Harry's eyes widened slightly, and he started to laugh. And couldn't seem to stop.

"Harry, quit it," Nick said. "You're going to start hyperventilating. . ."

"Can't. . .help it. . ."

"Harry. . ." Zara said with a sigh, rolling her eyes.

He finally took a deep, gasping breath, and managed to choke off any further laughter. "Okay," he said, wheezing. "I'm a bastard. And I don't have a problem with being the anchor for the merge outside the compound, believe me. Rather not have to be right in there when. . ." The glitter of hilarity faded from his eyes, and he fumbled for another cigarette.

"That was the point," Clare said, softly. "Keeping you out of the middle of it." She looked around, focusing especially on Zara and Nick, the other two telepaths in the room. "If this works, a lot of them are going to die. No one has a problem with that, right?"

It was a stupid question to be asking, this late in the game, but something told her it was very important to make sure. One last check, to reassure herself that she wasn't dragging anyone into this who didn't want to be there. Salve for her conscience?

"A problem with killing Unity lunatics?" Zara asked, the cool smoulder in her eyes directed elsewhere, Clare knew, which was a refreshing change. "Not hardly. I've been the one living with them for the last six weeks, remember?"

"I wouldn't be here if I had a problem," Nick said softly.

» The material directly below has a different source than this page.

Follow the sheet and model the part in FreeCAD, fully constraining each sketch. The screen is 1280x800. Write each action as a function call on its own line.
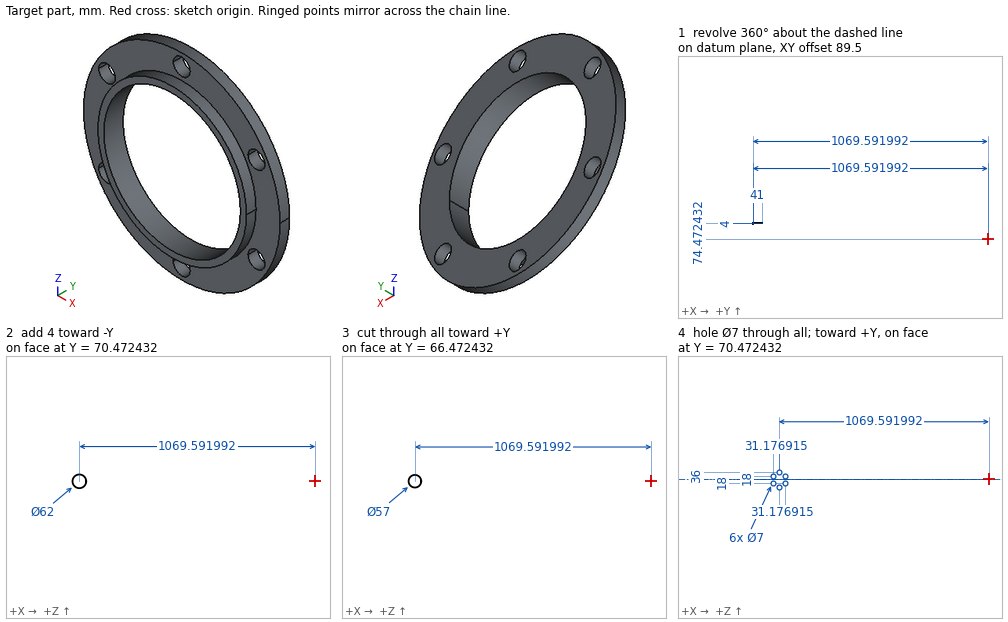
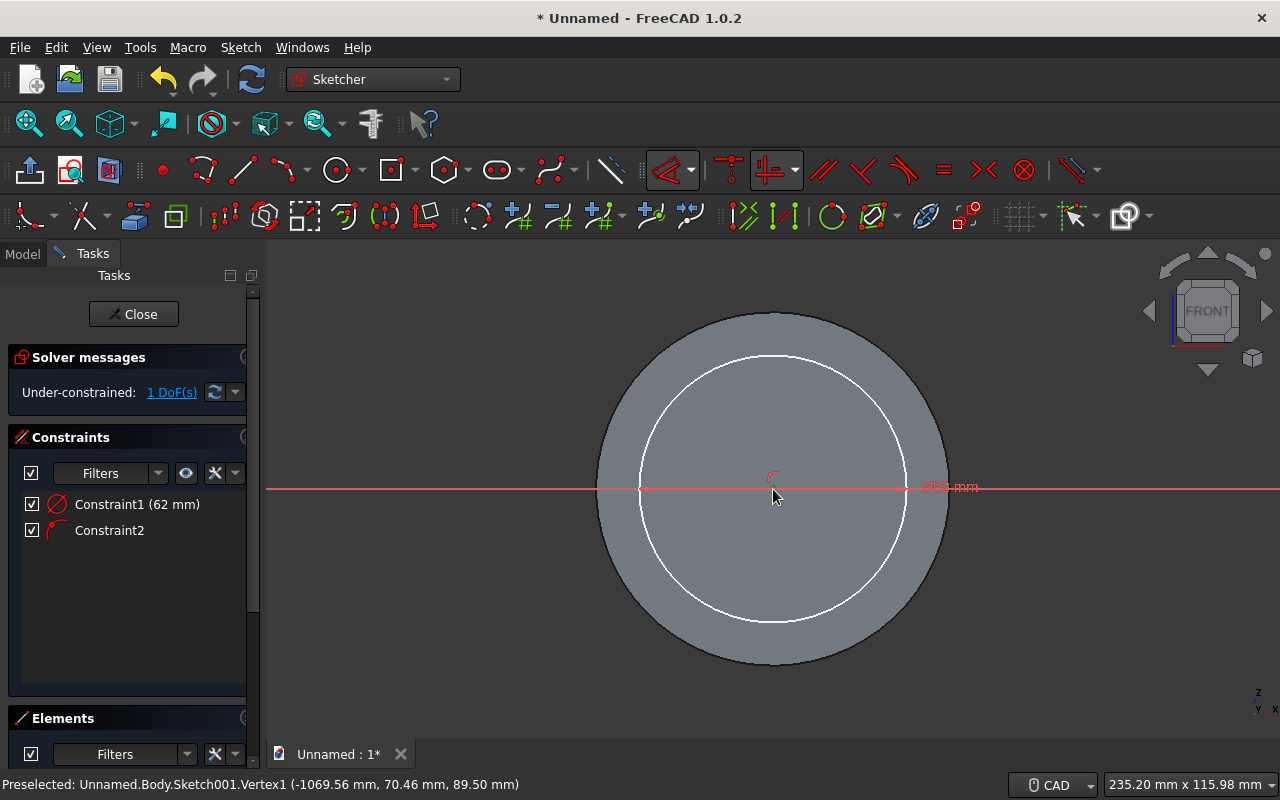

"I do wish we didn't have to do this." All eyes went to Raphaela, who was looking mildly sad. "But my dad can't send the X.S.E. after them, not when the government doesn't agree, and no one in the government's listening to Clare's dad. What choice do we have? We can do this. . .maybe we're the only ones who can."

Harry's smile was brittle. "The job needs doing," he said sardonically.

"That it does," Clare said softly, meeting Ian's eyes. She felt how troubled he was, and wished there was something she could say to him to reassure him.

Ian finally nodded, slowly. "You won't hear any argument out of me," he said heavily.

"Good," Clare said, more briskly. "Then we're all clear."

"As a bell," Harry said with a brief, unsteady laugh. "Time for some payback. . ."

"More than time," Clare murmured. "Long past time. . ."

***

Dad,

We all agreed that this letter was best sent to you, since you're the one best able to call in the cavalry if need be. Bishop would probably just leave us there to sink or swim on our own. . .

That was supposed to be a joke, Dad, by the way. . .

OK. If I don't get in touch with you in eight hours, another file's going to forward itself to your secured account. It's the coordinates of the Unity compound we're going after, and my excuse for a battle-plan. If things get to the point where you do see it, try not to think too harshly of it. . .what we lack in numbers we've got to make up for in daring, after all. Fortune favors the foolhardy. . .

You're probably cursing a blue streak at this point. I know you're going to be angry. . .oath, I don't even WANT to think about Mom's reaction. But we had to do this. Not just me and Harry, either. . .all the others, too. Sure, it was my idea, my plan, but they didn't need much convincing.

We had to do it because no one else was going to get to it in the next decade. That's not a criticism, Dad, I know the Unity is just one of a dozen crises you're trying to deal with. Just one of a thousand problems. . .

So we're going to solve it for you. Hopefully, this'll work out just like I planned. If not. . .well, what is, is, right?

Clare

P.S.: Zara and Nick wanted me to ask you NOT to tell their father they were so eager to go along with this. You know how Uncle Logan gets. . .

P.S.S.: This is going to work, Dad, I promise. We'll all be back Sunday night, and you'll have plenty of opportunity to yell at me. Love to you and Mom, C.